BridgeDb lets you find cross-references for identifiers, but BridgeDb is not simply a cross-reference database. BridgeDb provides a standard method to access other cross-reference databases. And because of that level of standardization, you can easily decide to switch to a different source of cross-references.

Deepak Singh uses the term “middleware”, which is a good way to explain it, if that sort of word means anything to you.

But let me try to explain in a different way. BirdgeDb is really a travel adapter. Suppose you’re in Japan and you’ve brought some gear like a laptop, cell phone and a nintendo DS (just in case you get stuck in a blizzard while transferring at CDG). Much to your dismay you discover, after checking into your hotel, that none of your plugs fit in Japanese electrical sockets. So what do you do? Do you go down to Akihabara and spend a grand on a new laptop, phone and portable video game unit? Or do you buy a travel adapter for $1.95?

Just like there are many different power plugs around the world, there are many databases that do identifier mapping. And just like travel adapters let you plug in your laptop anywhere, no matter what country, BridgeDb lets you use your favorite bioinformatics tool, no matter what the source of identifier mappings is (Provided that the tool uses BridgeDb).

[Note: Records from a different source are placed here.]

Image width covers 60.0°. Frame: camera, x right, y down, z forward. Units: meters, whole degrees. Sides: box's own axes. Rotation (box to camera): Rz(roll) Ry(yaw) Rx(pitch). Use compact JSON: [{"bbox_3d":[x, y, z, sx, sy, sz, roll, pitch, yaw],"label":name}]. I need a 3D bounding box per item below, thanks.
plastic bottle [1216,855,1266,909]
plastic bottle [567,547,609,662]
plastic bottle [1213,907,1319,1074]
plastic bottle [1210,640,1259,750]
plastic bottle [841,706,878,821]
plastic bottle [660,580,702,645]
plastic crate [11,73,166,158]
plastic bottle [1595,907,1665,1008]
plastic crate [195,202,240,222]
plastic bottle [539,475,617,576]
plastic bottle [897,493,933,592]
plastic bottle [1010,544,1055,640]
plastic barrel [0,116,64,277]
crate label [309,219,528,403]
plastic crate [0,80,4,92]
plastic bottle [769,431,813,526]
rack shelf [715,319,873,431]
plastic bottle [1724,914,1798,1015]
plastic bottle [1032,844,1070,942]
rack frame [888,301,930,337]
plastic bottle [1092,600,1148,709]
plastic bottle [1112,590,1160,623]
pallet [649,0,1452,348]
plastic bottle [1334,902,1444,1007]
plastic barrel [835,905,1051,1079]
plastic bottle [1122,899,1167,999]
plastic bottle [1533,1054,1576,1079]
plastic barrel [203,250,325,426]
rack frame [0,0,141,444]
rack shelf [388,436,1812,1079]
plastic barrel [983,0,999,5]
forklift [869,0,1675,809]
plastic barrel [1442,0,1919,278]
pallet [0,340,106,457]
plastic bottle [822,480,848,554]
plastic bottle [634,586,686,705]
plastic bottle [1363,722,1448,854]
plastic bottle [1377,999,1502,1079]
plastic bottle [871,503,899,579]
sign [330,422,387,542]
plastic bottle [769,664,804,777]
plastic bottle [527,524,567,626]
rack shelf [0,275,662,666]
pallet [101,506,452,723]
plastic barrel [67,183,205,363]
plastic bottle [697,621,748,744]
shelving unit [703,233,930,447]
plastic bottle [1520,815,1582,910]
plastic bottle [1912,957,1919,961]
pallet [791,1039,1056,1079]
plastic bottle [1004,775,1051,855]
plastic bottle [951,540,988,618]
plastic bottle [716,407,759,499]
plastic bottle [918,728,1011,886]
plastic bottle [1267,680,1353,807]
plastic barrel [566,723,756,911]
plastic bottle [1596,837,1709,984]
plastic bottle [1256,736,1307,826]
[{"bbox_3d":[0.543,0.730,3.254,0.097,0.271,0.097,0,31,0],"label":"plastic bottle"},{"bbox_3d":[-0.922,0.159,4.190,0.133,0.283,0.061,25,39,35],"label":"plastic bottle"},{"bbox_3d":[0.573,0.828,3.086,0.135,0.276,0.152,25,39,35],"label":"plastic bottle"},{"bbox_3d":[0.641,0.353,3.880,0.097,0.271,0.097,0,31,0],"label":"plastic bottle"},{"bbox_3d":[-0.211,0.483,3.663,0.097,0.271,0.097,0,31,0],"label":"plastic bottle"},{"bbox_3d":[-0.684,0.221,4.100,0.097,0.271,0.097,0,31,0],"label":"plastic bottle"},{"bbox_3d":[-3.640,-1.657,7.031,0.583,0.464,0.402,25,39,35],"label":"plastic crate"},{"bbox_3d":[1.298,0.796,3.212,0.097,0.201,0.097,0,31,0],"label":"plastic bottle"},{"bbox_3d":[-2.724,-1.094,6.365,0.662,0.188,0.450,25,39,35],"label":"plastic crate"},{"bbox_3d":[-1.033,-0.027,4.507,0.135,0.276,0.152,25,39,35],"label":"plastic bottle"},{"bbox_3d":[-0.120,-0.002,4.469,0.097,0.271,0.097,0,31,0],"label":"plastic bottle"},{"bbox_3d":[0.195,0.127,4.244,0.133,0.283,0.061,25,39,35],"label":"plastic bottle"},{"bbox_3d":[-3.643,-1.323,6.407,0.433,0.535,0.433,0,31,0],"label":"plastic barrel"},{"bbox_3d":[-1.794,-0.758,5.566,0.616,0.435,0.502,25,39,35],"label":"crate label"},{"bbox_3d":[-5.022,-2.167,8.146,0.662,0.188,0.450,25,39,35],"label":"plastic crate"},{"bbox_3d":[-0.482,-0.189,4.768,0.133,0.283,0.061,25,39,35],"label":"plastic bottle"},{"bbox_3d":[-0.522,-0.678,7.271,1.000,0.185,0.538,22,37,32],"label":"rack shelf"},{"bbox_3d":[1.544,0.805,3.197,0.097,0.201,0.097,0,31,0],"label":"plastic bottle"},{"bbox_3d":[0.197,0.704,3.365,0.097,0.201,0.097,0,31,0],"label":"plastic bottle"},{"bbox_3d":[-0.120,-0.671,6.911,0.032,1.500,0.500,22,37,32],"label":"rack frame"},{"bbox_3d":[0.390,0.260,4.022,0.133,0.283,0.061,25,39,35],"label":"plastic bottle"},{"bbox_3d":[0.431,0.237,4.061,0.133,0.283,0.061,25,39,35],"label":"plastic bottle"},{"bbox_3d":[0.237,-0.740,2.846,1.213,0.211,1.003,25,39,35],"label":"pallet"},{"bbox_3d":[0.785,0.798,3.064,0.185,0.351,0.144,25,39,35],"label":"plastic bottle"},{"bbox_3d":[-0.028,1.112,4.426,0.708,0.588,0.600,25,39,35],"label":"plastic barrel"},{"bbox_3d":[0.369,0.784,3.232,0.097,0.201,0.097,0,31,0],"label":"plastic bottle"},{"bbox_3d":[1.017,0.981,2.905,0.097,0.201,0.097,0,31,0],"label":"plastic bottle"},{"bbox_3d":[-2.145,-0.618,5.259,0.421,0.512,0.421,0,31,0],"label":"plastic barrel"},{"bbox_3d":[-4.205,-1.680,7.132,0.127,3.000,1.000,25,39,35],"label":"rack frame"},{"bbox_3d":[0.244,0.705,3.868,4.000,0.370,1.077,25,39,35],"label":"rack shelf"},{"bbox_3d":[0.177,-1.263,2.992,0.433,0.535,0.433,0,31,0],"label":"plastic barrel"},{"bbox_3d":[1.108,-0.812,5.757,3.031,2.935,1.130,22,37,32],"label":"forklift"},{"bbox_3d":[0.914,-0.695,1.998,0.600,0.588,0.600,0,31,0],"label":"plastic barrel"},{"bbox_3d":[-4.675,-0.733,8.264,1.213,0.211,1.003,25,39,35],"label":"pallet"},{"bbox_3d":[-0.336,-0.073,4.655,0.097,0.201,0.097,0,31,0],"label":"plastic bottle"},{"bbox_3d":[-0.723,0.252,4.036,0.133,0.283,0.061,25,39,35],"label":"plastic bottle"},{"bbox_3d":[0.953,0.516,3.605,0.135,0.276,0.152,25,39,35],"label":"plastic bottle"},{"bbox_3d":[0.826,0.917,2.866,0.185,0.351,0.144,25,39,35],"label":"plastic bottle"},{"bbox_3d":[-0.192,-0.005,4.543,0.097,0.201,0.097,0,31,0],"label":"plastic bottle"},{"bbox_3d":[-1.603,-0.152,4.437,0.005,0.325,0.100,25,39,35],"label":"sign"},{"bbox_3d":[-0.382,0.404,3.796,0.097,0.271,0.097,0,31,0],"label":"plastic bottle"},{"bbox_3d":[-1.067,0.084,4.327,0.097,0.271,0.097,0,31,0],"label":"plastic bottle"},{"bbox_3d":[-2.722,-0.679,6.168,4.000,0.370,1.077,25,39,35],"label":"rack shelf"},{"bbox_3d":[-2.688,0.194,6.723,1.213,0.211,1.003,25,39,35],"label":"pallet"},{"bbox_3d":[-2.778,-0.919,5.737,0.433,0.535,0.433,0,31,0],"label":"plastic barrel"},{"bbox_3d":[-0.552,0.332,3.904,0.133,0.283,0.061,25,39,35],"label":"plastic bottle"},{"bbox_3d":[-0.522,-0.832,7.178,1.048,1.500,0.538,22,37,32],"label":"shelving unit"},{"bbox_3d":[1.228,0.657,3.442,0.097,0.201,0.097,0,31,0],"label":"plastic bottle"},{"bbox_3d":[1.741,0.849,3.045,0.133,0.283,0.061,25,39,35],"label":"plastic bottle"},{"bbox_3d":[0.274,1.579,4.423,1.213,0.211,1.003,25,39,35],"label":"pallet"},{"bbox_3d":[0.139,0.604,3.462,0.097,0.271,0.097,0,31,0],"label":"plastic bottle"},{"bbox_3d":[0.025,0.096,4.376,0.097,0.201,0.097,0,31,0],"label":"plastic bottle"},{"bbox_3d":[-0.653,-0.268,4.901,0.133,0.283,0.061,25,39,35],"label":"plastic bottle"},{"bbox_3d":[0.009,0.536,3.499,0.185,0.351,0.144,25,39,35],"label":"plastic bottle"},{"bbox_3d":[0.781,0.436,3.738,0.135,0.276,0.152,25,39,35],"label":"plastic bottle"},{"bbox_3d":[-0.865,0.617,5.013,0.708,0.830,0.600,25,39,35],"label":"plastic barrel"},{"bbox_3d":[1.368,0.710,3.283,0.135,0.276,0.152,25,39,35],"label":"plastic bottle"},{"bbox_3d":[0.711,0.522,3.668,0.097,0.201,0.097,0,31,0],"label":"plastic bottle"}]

Power plugs around the world

It’s important to realize that BridgeDb is simply a conduit of information. It does not calculate cross-references from scratch, nor does it give any guarantees about the validity of those cross-references. You shouldn’t ask if BridgeDb provides better identifier mappings. That is like asking if a travel adapter provides better electricity. You still depend on the power company to give you a stable source of electricity. The travel plug just gives you flexibility to adapt to different circumstances.